DIRECTIONS = The answer should contain only the lines from the beginning of the entries through the line that holds "doc.layers.add('DIMENSIONS', color=7, linetype='CONTINUOUS')", given again exactly, with no pictures.

[Collection entries]
· · · · ·
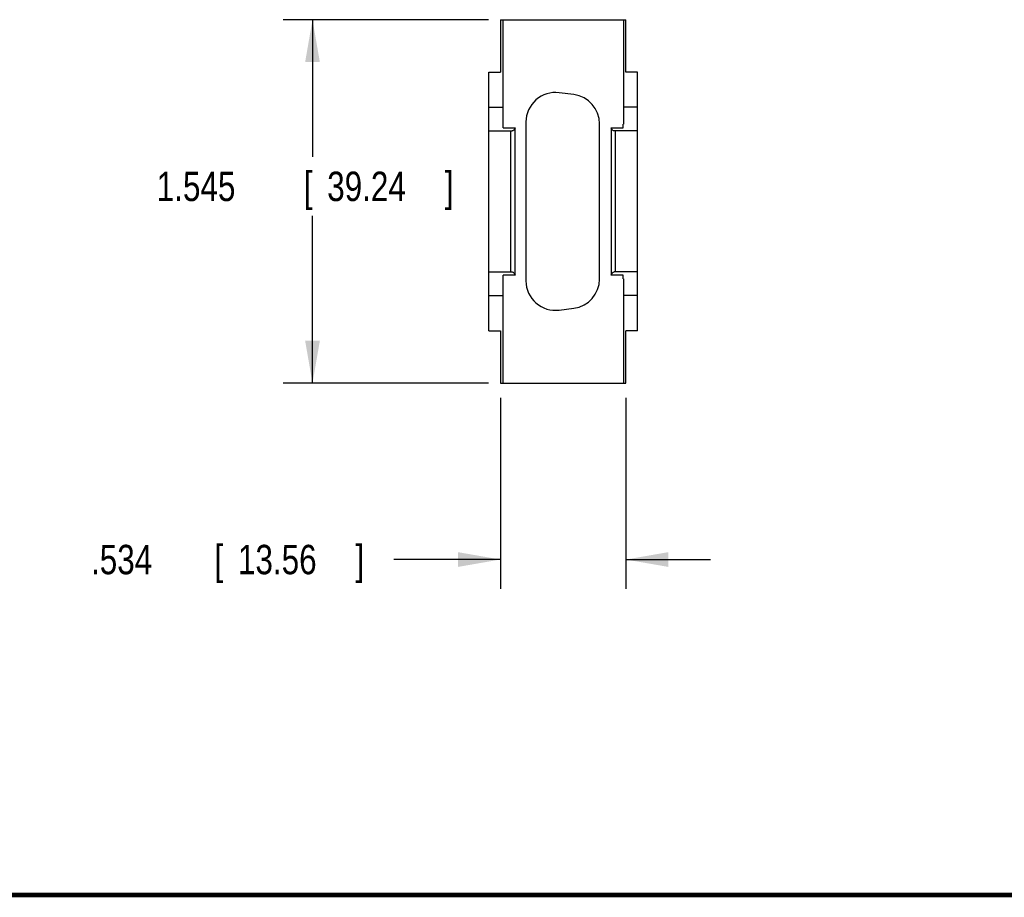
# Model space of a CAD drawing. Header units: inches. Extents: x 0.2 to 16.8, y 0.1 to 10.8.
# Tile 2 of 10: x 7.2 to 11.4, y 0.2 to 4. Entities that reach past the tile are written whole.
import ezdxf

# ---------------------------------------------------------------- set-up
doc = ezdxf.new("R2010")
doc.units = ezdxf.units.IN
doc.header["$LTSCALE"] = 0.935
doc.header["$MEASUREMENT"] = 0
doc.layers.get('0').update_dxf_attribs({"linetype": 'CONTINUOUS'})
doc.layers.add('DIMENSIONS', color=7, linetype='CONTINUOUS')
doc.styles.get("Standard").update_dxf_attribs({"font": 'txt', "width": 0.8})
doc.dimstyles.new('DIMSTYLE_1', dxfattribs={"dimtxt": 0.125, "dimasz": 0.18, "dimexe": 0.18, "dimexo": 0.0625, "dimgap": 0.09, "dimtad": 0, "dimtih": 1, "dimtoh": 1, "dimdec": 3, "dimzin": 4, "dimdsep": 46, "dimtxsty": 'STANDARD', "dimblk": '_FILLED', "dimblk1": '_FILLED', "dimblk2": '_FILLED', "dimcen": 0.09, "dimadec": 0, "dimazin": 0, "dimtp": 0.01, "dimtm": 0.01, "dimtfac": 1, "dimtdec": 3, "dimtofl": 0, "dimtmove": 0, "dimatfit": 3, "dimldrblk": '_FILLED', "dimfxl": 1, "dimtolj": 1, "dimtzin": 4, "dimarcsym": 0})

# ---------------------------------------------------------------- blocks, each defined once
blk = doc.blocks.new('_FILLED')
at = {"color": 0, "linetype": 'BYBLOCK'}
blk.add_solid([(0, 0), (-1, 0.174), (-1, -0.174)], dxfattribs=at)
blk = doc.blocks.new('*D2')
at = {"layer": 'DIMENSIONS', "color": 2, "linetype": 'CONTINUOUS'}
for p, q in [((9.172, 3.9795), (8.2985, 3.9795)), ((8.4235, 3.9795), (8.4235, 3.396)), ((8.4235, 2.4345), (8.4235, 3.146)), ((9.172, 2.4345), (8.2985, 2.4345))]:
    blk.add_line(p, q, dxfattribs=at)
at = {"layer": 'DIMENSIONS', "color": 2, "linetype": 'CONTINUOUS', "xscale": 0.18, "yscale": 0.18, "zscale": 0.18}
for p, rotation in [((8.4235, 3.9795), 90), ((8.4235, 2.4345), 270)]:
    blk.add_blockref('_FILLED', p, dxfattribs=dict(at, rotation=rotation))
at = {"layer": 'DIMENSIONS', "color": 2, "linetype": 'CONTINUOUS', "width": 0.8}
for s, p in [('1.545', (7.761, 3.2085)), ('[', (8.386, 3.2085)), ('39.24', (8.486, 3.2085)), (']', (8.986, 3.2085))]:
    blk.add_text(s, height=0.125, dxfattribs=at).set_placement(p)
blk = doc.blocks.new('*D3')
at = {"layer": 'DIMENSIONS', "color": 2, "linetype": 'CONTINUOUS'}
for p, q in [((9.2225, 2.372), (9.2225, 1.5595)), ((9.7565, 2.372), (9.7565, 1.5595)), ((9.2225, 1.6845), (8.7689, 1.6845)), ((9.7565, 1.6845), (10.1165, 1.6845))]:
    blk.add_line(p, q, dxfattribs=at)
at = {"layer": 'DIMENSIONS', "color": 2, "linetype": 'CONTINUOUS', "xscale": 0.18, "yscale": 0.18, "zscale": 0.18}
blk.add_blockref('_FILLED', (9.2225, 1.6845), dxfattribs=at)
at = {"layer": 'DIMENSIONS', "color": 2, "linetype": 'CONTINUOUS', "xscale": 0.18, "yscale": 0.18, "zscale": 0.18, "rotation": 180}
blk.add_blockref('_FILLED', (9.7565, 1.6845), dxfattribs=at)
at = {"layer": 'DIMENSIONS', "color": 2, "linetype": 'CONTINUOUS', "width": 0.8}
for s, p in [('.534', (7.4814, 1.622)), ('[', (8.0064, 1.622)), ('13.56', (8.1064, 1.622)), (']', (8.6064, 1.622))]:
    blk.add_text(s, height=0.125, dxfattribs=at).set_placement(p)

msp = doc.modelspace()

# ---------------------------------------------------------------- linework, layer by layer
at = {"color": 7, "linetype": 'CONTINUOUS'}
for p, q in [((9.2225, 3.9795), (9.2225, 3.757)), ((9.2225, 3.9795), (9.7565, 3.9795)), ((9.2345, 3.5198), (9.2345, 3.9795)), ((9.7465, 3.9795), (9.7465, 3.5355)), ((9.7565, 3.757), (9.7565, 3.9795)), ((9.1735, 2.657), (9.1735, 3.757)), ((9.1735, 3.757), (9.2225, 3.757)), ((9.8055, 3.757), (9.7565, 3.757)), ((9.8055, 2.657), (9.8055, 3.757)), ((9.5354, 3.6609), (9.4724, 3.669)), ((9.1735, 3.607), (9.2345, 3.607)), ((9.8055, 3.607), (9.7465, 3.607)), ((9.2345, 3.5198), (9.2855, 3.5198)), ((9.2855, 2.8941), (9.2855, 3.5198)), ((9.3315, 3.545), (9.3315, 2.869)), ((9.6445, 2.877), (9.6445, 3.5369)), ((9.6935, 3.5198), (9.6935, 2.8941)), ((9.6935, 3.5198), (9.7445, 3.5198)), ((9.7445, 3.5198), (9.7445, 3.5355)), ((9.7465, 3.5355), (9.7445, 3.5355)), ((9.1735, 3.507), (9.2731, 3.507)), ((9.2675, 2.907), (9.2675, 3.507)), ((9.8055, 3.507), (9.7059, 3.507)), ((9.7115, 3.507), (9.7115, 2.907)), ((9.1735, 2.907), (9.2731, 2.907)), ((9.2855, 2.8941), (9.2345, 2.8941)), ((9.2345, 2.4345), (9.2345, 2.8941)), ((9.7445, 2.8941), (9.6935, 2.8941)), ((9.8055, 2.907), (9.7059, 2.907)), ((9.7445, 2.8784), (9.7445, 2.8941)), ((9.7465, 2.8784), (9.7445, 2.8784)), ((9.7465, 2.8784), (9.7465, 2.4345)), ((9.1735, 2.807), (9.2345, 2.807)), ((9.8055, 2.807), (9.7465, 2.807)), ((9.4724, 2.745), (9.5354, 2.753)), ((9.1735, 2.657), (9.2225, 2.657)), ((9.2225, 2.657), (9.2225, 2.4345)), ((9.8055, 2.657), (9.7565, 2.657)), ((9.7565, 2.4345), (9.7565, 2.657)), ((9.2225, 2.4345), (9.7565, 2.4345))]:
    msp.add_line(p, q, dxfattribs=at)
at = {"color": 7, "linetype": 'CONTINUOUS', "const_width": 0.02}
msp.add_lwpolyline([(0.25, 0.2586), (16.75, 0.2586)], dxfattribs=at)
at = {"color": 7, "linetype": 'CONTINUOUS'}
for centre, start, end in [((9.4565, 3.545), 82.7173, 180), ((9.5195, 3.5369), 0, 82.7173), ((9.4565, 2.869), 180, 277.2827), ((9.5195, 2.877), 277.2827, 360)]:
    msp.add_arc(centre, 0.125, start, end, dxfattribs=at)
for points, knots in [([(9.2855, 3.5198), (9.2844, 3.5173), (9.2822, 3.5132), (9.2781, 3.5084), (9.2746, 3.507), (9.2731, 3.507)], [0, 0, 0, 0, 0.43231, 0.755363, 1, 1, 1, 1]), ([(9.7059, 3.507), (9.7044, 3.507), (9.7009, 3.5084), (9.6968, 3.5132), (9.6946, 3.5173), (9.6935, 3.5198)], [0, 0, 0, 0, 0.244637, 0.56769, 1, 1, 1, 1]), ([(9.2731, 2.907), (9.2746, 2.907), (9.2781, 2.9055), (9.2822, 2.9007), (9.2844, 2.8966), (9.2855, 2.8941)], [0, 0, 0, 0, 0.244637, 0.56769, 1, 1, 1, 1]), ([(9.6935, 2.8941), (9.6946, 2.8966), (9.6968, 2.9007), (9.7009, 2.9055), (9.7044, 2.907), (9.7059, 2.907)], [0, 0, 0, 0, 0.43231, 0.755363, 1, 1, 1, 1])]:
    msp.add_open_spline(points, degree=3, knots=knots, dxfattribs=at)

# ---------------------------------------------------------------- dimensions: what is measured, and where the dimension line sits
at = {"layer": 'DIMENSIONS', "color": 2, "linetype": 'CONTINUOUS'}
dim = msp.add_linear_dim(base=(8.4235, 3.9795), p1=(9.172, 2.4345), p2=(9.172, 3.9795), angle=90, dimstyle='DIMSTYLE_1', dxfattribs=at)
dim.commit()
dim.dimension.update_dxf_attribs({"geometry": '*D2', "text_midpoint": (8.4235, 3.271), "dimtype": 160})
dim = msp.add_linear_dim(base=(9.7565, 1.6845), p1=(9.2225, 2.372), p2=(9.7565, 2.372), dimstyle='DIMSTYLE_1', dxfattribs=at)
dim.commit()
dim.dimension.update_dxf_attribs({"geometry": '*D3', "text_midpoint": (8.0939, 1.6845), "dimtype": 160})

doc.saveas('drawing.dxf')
· · · · ·
ANSWER FOR THE TASK =
# Model space of a CAD drawing. Header units: inches. Extents: x 0.2 to 16.8, y 0.1 to 10.8.
# Tile 2 of 10: x 7.2 to 11.4, y 0.2 to 4. Entities that reach past the tile are written whole.
import ezdxf

# ---------------------------------------------------------------- set-up
doc = ezdxf.new("R2010")
doc.units = ezdxf.units.IN
doc.header["$LTSCALE"] = 0.935
doc.header["$MEASUREMENT"] = 0
doc.layers.get('0').update_dxf_attribs({"linetype": 'CONTINUOUS'})
doc.layers.add('DIMENSIONS', color=7, linetype='CONTINUOUS')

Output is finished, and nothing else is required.